Title: Zen and the Art of Motorcycle Maintenance
Author: Robert M. Pirsig
# Pages: 404
Published: April 1974
Rating: 5 stars
I decided to make this my first read of the year after I had to put it aside a year or so ago. It is one of my brother’s favorites, and we have similar reading tastes, so I figured I had to give it another go.
Pirsig uses a first-person narrator to tell the story of a father and son and their summer motorcycle trip across the Northwestern United States. The father contemplates his relationship with his son while they drive, which leads him to a comparison of motorcycle maintenance and science, religion, and philosophy.
This is a brilliant book, one I will definitely read again. It not only made me want to get a motorcycle and take my own trip; it also made me want to learn more about philosophy and re-evaluate my own ideas about life.
Favorite Quotes:
We’re in such a hurry most of the time we never get much chance to talk.
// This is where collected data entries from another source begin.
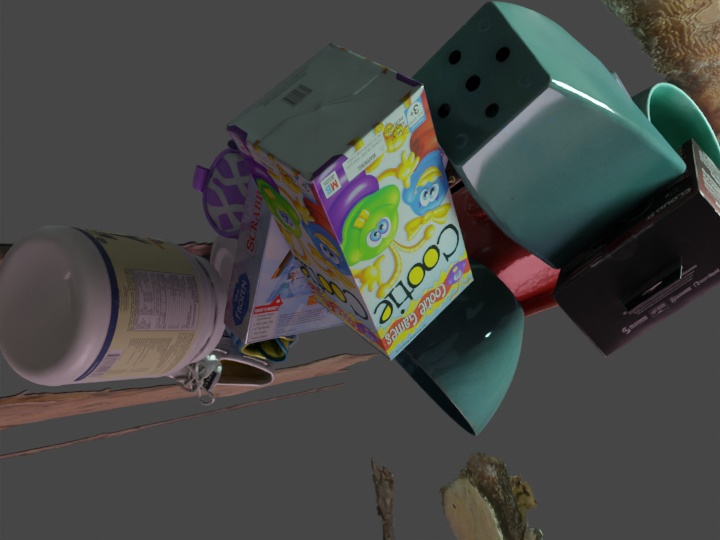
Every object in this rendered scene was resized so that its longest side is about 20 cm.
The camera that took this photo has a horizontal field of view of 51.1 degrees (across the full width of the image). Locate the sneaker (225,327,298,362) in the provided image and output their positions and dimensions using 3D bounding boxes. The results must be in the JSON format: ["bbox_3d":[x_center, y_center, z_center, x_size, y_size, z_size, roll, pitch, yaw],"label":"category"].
[{"bbox_3d":[-0.098,0.046,0.971,0.199,0.131,0.080,-23,161,-37],"label":"sneaker"}]

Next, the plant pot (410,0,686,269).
[{"bbox_3d":[0.137,-0.113,0.605,0.141,0.142,0.199,-41,149,24],"label":"plant pot"}]

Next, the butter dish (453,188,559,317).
[{"bbox_3d":[0.173,-0.053,0.936,0.197,0.202,0.148,-21,143,21],"label":"butter dish"}]

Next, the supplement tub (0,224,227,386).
[{"bbox_3d":[-0.242,0.037,0.757,0.144,0.147,0.199,-23,166,25],"label":"supplement tub"}]

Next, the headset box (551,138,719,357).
[{"bbox_3d":[0.259,-0.022,0.672,0.149,0.077,0.200,-42,-176,30],"label":"headset box"}]

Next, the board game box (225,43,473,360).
[{"bbox_3d":[0.001,-0.046,0.570,0.105,0.103,0.201,-42,140,-16],"label":"board game box"}]

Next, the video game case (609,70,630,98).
[{"bbox_3d":[0.262,-0.087,0.801,0.019,0.201,0.142,-33,-179,-41],"label":"video game case"}]

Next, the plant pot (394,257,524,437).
[{"bbox_3d":[0.105,0.064,0.848,0.135,0.200,0.200,-43,169,-6],"label":"plant pot"}]

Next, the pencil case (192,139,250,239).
[{"bbox_3d":[-0.067,-0.064,0.724,0.085,0.085,0.199,17,-175,33],"label":"pencil case"}]

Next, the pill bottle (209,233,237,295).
[{"bbox_3d":[-0.068,-0.004,0.895,0.198,0.114,0.112,-9,165,-32],"label":"pill bottle"}]

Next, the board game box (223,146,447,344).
[{"bbox_3d":[-0.015,-0.045,0.671,0.198,0.041,0.202,-7,121,-43],"label":"board game box"}]

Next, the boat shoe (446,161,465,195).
[{"bbox_3d":[0.140,-0.123,0.773,0.198,0.071,0.070,-24,162,21],"label":"boat shoe"}]

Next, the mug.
[{"bbox_3d":[0.329,-0.102,0.854,0.151,0.187,0.114,-27,-179,-42],"label":"mug"}]

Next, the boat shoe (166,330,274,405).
[{"bbox_3d":[-0.194,0.121,0.929,0.200,0.087,0.075,12,131,-37],"label":"boat shoe"}]

The result is a kind of endless day-to-day shallowness, a monotony that leaves a person wondering years later where all the time went and sorry that it’s all gone.
You are never dedicated to something you have complete confidence in. No one is fanatically shouting that the sun is going to rise tomorrow. They know it’s going to rise tomorrow. When people are fanatically dedicated to political or religious faiths or any other kinds of dogmas or goals, it’s always because these dogmas or goals are in doubt.
The place to improve the world is first in one’s own heart and head and hands, and then work outward from there.